Extracted data entries:

------------------------------------

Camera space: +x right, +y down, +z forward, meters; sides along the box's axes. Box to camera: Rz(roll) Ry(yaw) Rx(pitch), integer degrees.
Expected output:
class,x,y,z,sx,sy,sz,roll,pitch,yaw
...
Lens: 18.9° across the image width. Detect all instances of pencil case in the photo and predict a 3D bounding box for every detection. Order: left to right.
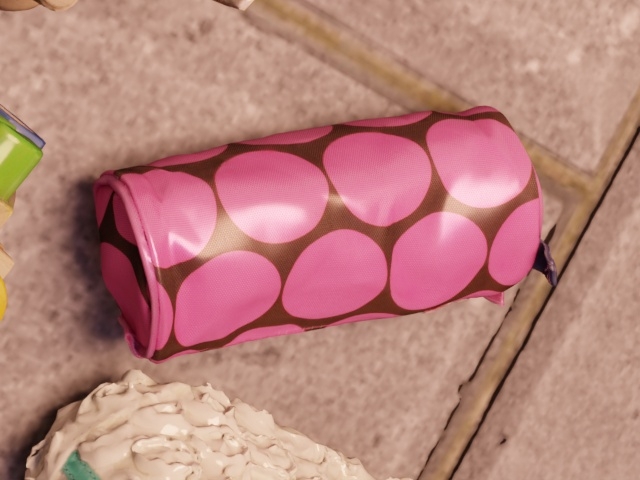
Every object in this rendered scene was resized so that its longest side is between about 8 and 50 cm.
class,x,y,z,sx,sy,sz,roll,pitch,yaw
pencil case,0.000,0.000,0.877,0.209,0.095,0.098,-8,125,-23

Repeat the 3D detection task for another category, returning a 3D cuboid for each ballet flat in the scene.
class,x,y,z,sx,sy,sz,roll,pitch,yaw
ballet flat,0.036,0.192,0.931,0.409,0.147,0.147,26,93,-32

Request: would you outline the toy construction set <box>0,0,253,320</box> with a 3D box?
class,x,y,z,sx,sy,sz,roll,pitch,yaw
toy construction set,-0.154,-0.048,0.690,0.308,0.237,0.257,-30,117,-17
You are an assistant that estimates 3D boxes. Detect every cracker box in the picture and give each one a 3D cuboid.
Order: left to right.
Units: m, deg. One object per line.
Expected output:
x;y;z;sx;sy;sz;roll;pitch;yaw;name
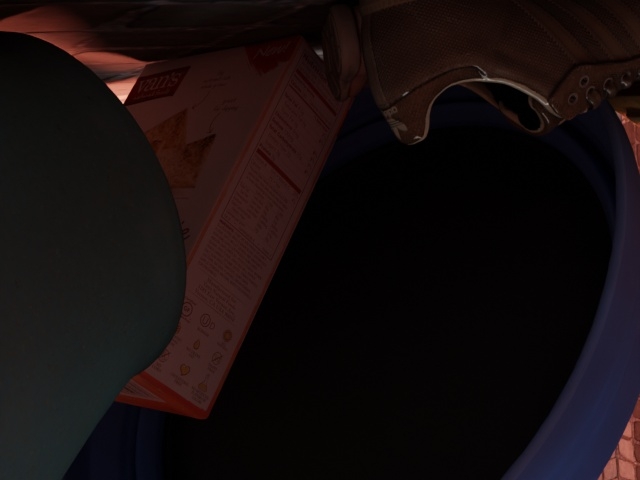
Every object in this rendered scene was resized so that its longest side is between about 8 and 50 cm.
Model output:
-0.093;-0.014;0.590;0.156;0.232;0.067;0;146;42;cracker box

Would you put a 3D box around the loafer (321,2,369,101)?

------------------------------------

Which lines above contain the word "Order"? Copy all of them.

§ **Finished exercise**
Lens: 18.9° across the image width. Detect all instances of pencil case in the photo and predict a 3D bounding box for every detection. Order: left to right.
Order: left to right.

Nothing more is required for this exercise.